— О-отец Афанасий?! — изумлённо прохрипел я, меньше всего ожидавший увидеть настоятеля храма станции Незлобино.
— Пришёл в себя, значит. А я уж думал, ещё сутки пролежишь. Ты как, Гаврила?
— Э-э-э… — я осторожно прислушался к своим ощущениям. Кроме жуткого холода и дикой слабости, пожалуй, ничего запредельного и нет.
— Понятно, паря. Не всяк день смертный, пусть и Миротворец, себя Творцом может ощутить. А ты не только ощутил, ты, Гаврила, считай, заново родился. Нут-ка, давай метки твои глянем…
Огонёк свечи мигнул, отдалился и засветился ещё ярче. Теперь уже внутри переносной керосиновой лампы. Я смог увидеть отца Афанасия во всей красе: в рясе и драном казакине, наброшенном на плечи.
Что за хрень происходит? Почему я снова здесь, в первой реальности? Что случилось там, в зимнем лесу? Девочки…
Вопросы потоком прорвали туманную плотину в голове, я попытался снова встать, невольно застонав сквозь зубы от нахлынувших ощущений.
— Но-но! Паря, не гони лошадей! Тя щас годовалый ребёнок в пол втоптать может. Полежи минутку-другую, а я всё расскажу по порядку. Любопытно, небось? — он бесцеремонно вывернул мне сначала одно запястье, затем другое.
Новые татуировки были на месте. Уф! Значит, это всё-таки я сам, из 91-го. Разноцветные трилистники светились тусклым светом. Более внимательно рассмотрев свои руки и частично посиневшее от холода обнажённое тело в ярком свете керосиновой лампы, я перевёл изумлённый взгляд на отца Афанасия.

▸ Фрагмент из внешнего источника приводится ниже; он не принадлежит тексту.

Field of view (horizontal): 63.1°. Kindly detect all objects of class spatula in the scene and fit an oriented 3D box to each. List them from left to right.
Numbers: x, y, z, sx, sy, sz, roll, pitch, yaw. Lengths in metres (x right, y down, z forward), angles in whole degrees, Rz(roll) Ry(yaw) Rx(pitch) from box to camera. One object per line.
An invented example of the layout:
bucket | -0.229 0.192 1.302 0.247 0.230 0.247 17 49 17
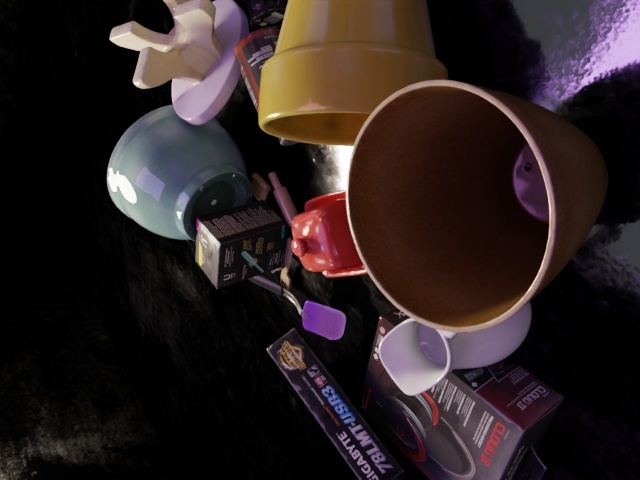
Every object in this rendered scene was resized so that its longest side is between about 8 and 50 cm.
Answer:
spatula | -0.071 0.125 1.131 0.296 0.030 0.084 29 129 31

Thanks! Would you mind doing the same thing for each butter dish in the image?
butter dish | 0.000 0.000 0.956 0.160 0.118 0.159 -11 95 53

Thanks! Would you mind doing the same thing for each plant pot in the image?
plant pot | -0.272 -0.117 1.120 0.196 0.293 0.293 38 131 31
plant pot | 0.047 -0.264 0.706 0.254 0.254 0.239 5 93 51
plant pot | 0.199 -0.054 0.567 0.237 0.254 0.237 21 118 46

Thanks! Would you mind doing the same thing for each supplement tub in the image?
supplement tub | -0.078 -0.276 0.953 0.106 0.106 0.197 -29 81 52

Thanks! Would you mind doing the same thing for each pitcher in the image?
pitcher | 0.198 0.100 0.672 0.125 0.207 0.178 58 140 19

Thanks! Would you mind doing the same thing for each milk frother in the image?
milk frother | -0.079 -0.464 0.904 0.143 0.129 0.134 -16 92 10

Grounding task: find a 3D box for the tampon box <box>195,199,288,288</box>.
tampon box | -0.166 0.005 1.085 0.101 0.161 0.120 43 136 35

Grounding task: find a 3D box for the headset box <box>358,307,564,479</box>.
headset box | 0.209 0.261 0.802 0.293 0.110 0.218 37 131 38

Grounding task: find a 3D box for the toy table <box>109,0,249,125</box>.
toy table | -0.259 -0.380 0.998 0.252 0.161 0.274 -12 68 29

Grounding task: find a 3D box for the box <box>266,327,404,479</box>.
box | 0.038 0.329 0.966 0.293 0.073 0.295 48 170 26

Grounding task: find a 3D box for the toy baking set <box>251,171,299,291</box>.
toy baking set | -0.098 -0.023 1.149 0.256 0.030 0.197 62 145 13
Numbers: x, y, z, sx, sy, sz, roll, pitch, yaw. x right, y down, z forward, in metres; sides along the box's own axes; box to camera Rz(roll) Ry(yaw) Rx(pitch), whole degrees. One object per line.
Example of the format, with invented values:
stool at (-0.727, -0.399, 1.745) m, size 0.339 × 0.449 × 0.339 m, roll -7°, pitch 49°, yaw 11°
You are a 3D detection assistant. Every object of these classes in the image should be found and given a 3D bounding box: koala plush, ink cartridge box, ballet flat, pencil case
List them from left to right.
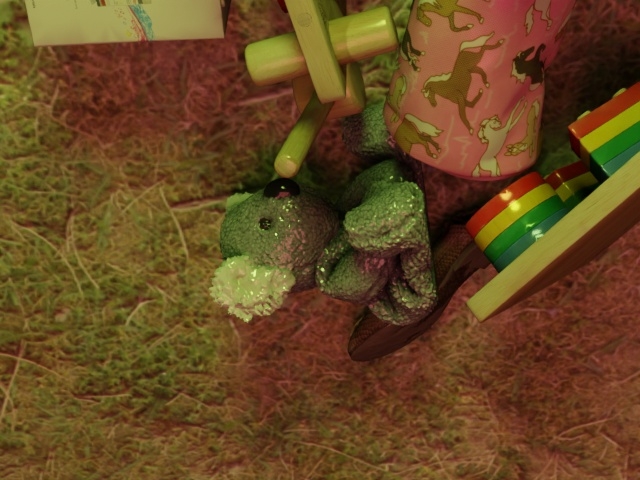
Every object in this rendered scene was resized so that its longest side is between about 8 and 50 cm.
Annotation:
ink cartridge box at (-0.170, -0.258, 1.159) m, size 0.176 × 0.128 × 0.127 m, roll -2°, pitch 126°, yaw 1°
koala plush at (0.000, 0.000, 1.307) m, size 0.221 × 0.196 × 0.203 m, roll -8°, pitch 131°, yaw 6°
ballet flat at (0.109, 0.049, 1.426) m, size 0.084 × 0.058 × 0.250 m, roll 0°, pitch 142°, yaw -44°
pencil case at (0.170, -0.245, 1.141) m, size 0.160 × 0.167 × 0.386 m, roll 14°, pitch 125°, yaw 1°

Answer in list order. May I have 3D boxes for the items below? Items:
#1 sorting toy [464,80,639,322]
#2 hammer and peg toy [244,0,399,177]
sorting toy at (0.264, -0.058, 1.227) m, size 0.089 × 0.255 × 0.257 m, roll 53°, pitch 126°, yaw 12°
hammer and peg toy at (-0.006, -0.232, 1.091) m, size 0.127 × 0.266 × 0.361 m, roll -13°, pitch 123°, yaw 10°

— Что, Гаврила, удивлён? Что ж, не буду тебя томить ожиданием. Да, ты должен поверить своим глазам и ощущениям. Мы действительно в храме у станции Незлобино, на дворе 1915 год от Рождества Христова, только вот ты сейчас в собственном 23-летнем теле, Гаврила Никитич Луговой, а не в прадедовом, где год назад по твоему биологическому времени ты начинал миссию с поиском Демиурга.
— А вы…э-э-э…вы, отец Афанасий?
— Хе-хе… — улыбнулся священник, присаживаясь рядом со мной на корточки, — вопрос, что называется, не в бровь, а в глаз, Миротворец. Кстати, ты так и собираешься лежать на каменном полу? Разговор ведь долгий намечается.

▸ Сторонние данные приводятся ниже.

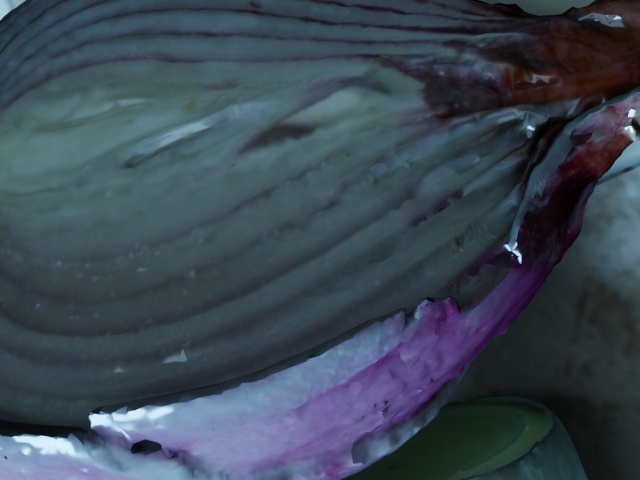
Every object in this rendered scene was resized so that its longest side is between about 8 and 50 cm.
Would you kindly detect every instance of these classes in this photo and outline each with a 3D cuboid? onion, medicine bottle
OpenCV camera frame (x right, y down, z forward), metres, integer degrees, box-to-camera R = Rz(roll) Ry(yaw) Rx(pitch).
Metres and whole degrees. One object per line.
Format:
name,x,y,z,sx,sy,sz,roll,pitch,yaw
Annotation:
onion,0.000,0.000,0.590,0.348,0.267,0.159,-7,143,15
medicine bottle,0.054,0.156,0.601,0.147,0.147,0.143,-11,97,40
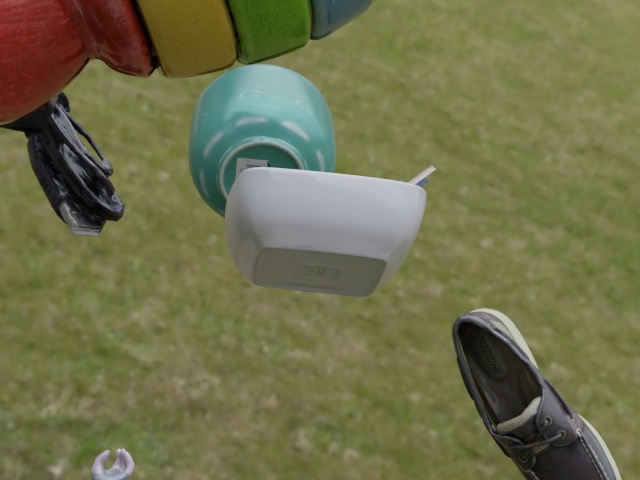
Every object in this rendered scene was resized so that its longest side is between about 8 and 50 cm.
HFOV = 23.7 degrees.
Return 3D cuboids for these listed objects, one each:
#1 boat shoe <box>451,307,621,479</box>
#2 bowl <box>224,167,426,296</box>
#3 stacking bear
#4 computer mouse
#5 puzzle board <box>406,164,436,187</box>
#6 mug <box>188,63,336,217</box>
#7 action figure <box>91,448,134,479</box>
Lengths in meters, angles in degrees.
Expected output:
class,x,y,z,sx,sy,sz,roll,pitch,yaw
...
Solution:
class,x,y,z,sx,sy,sz,roll,pitch,yaw
boat shoe,0.122,0.108,0.905,0.152,0.056,0.049,54,18,17
bowl,0.000,0.000,1.110,0.142,0.053,0.142,7,-20,-6
stacking bear,-0.075,-0.148,0.707,0.289,0.175,0.164,-26,65,-6
computer mouse,-0.216,-0.116,0.899,0.188,0.072,0.272,62,1,28
puzzle board,0.035,-0.014,1.294,0.128,0.096,0.011,-35,88,-42
mug,-0.042,-0.067,1.337,0.158,0.129,0.097,45,20,-24
action figure,-0.276,0.357,1.517,0.248,0.275,0.370,-5,-2,-24
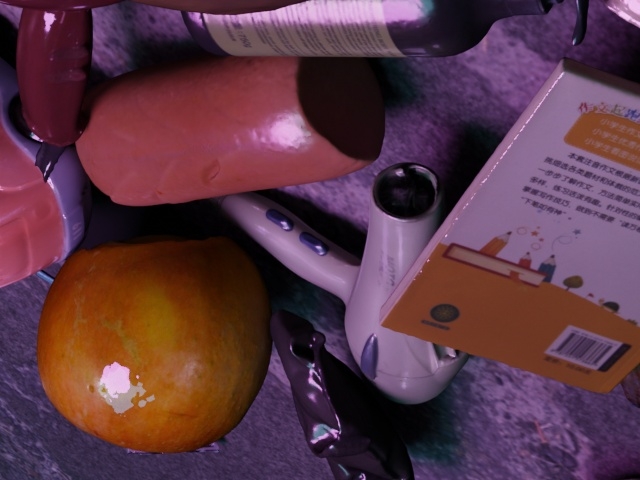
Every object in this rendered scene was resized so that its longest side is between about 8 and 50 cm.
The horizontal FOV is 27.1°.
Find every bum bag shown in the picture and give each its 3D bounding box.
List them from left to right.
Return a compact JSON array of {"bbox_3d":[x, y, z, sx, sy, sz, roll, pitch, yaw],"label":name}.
[{"bbox_3d":[0.025,0.178,1.258,0.142,0.080,0.326,60,-178,34],"label":"bum bag"}]

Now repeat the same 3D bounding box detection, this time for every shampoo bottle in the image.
[{"bbox_3d":[0.043,-0.175,0.902,0.284,0.101,0.101,4,134,28],"label":"shampoo bottle"}]

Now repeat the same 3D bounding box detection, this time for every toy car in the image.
[{"bbox_3d":[-0.348,-0.071,1.241,0.270,0.212,0.180,44,149,21],"label":"toy car"}]

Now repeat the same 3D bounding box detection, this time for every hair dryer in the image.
[{"bbox_3d":[-0.241,-0.144,1.001,0.123,0.313,0.340,54,148,25],"label":"hair dryer"},{"bbox_3d":[0.023,-0.001,1.115,0.298,0.119,0.296,41,156,4],"label":"hair dryer"}]

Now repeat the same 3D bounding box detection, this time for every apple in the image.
[{"bbox_3d":[-0.149,0.081,1.244,0.237,0.237,0.207,18,101,24],"label":"apple"}]

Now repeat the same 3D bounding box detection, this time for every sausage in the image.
[{"bbox_3d":[-0.086,-0.095,1.095,0.304,0.121,0.121,-5,128,43],"label":"sausage"}]

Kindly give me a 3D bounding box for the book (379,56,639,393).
[{"bbox_3d":[0.193,0.006,0.960,0.208,0.020,0.295,19,138,-13],"label":"book"}]

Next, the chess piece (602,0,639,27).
[{"bbox_3d":[0.234,-0.229,0.664,0.143,0.143,0.261,30,141,9],"label":"chess piece"}]

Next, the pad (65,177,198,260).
[{"bbox_3d":[-0.181,0.022,1.368,0.243,0.004,0.164,46,128,-9],"label":"pad"}]

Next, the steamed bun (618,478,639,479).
[{"bbox_3d":[0.302,0.288,1.226,0.183,0.106,0.183,23,147,16],"label":"steamed bun"}]

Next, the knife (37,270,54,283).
[{"bbox_3d":[-0.293,0.059,1.551,0.091,0.005,0.014,31,147,7],"label":"knife"}]

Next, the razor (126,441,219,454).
[{"bbox_3d":[-0.155,0.157,1.515,0.111,0.056,0.278,1,139,-14],"label":"razor"}]

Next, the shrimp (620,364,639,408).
[{"bbox_3d":[0.333,0.154,1.094,0.169,0.058,0.296,5,131,47],"label":"shrimp"}]

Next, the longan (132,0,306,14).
[{"bbox_3d":[-0.064,-0.264,0.759,0.297,0.297,0.297,23,143,18],"label":"longan"}]

— Да я бы и рад встать, — замялся я, — только совсем никак.
— Брось, Гавр! Не так уж ты и немощен. А боль — что? Квинтэссенция трусости организма, да и только. Дайка, я тебе немного помогу.
Отец Афанасий легко вздёрнул меня, крепко обхватив руками подмышки, и словно тряпичную, куклу понёс к выходу. Я изо всех сил крепился, безбожно давя матерки, чтобы хоть как-то отвлечься от разгулявшейся по мышцам боли.

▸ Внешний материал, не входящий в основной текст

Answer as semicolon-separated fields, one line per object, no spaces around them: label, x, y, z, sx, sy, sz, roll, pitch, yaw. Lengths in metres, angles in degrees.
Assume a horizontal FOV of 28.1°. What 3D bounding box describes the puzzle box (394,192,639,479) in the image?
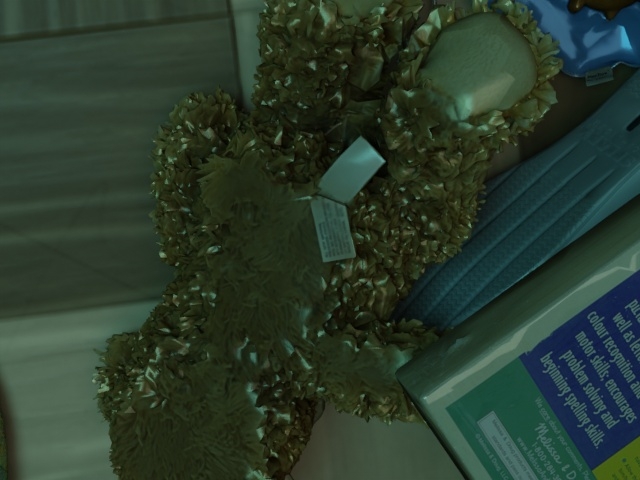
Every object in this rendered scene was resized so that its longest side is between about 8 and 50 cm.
puzzle box;0.257;0.150;0.657;0.272;0.052;0.409;-35;104;-4

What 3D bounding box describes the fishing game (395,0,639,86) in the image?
fishing game;0.163;-0.188;0.751;0.264;0.041;0.189;-12;98;-4

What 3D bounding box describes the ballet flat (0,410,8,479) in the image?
ballet flat;-0.257;0.222;0.740;0.123;0.123;0.348;12;98;-8

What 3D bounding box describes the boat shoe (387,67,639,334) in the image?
boat shoe;0.166;-0.008;0.748;0.302;0.109;0.094;-38;121;9

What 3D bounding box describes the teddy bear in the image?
teddy bear;0.000;0.000;0.702;0.245;0.113;0.337;14;99;19

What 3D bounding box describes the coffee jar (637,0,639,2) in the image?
coffee jar;0.213;-0.215;0.701;0.096;0.079;0.184;16;89;-18
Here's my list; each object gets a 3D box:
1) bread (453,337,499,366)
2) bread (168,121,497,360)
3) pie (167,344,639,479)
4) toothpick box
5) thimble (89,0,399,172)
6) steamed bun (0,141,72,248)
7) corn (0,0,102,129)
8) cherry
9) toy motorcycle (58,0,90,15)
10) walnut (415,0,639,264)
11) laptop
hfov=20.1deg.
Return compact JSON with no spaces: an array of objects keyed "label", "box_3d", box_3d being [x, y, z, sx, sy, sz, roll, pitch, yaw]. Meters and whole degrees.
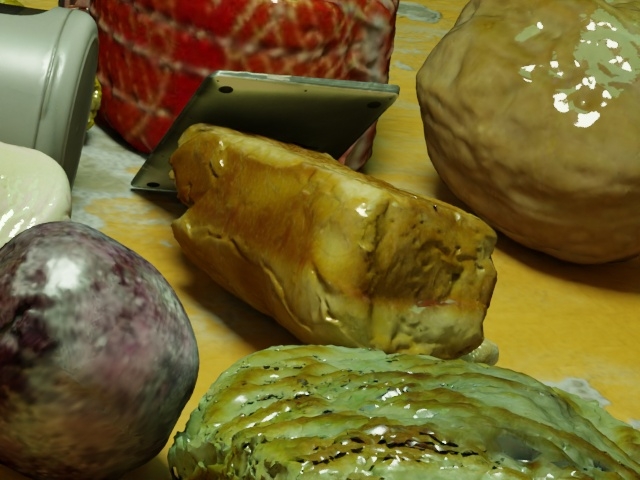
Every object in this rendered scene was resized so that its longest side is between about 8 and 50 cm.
[{"label":"bread","box_3d":[0.112,0.104,1.599,0.070,0.035,0.083,25,32,24]},{"label":"bread","box_3d":[0.001,0.006,1.578,0.195,0.149,0.344,14,7,-34]},{"label":"pie","box_3d":[0.092,0.178,1.256,0.395,0.180,0.418,9,17,-7]},{"label":"toothpick box","box_3d":[-0.376,-0.123,1.643,0.316,0.229,0.229,11,24,-3]},{"label":"thimble","box_3d":[-0.085,-0.220,1.970,0.350,0.230,0.350,10,25,-5]},{"label":"steamed bun","box_3d":[-0.316,0.013,1.419,0.239,0.170,0.152,7,48,-11]},{"label":"corn","box_3d":[-0.368,-0.218,1.950,0.363,0.120,0.120,34,31,32]},{"label":"cherry","box_3d":[-0.178,0.083,1.301,0.195,0.195,0.195,12,24,-5]},{"label":"toy motorcycle","box_3d":[-0.269,-0.262,2.092,0.084,0.118,0.212,8,23,9]},{"label":"walnut","box_3d":[0.260,-0.135,1.907,0.344,0.306,0.306,24,25,38]},{"label":"laptop","box_3d":[-0.059,-0.096,1.737,0.188,0.269,0.015,4,68,-22]}]

Священник даже не вспотев дотащил меня до растопленной баньки. Ну конечно, это же та самая ночь перед моей отправкой на фронт! Воспоминания неожиданной волной всколыхнули душу. Надо же, какая ностальгия. Такое впечатление, что прошёл не год, а как минимум лет десять. Уж и я другой, и Афанасий, похоже, не совсем Афанасий…а вот банька та же!
Священнику даже раздевать меня не понадобилось. В этот раз я переместился в костюме Адама. Он попросту взгромоздил меня на средний полок, на котором я с наслаждением распластался, постепенно впитывая целительный жар и наслаждаясь терпкостью банного духа.
Спустя несколько минут, а может, целую вечность, отец Афанасий продолжил прерванный разговор с вопроса.
— Будем собирать камни, а, Гавр?
Я ответил ему молчанием. Надоели все эти игры. Обрыдло! Каждый раз в ключевой ситуации в очередной реальности приходит какой-нибудь умник и начинает с оттопыренной губой учить меня жизни, не преминув при этом действием или словом намекнуть на моё ничтожество.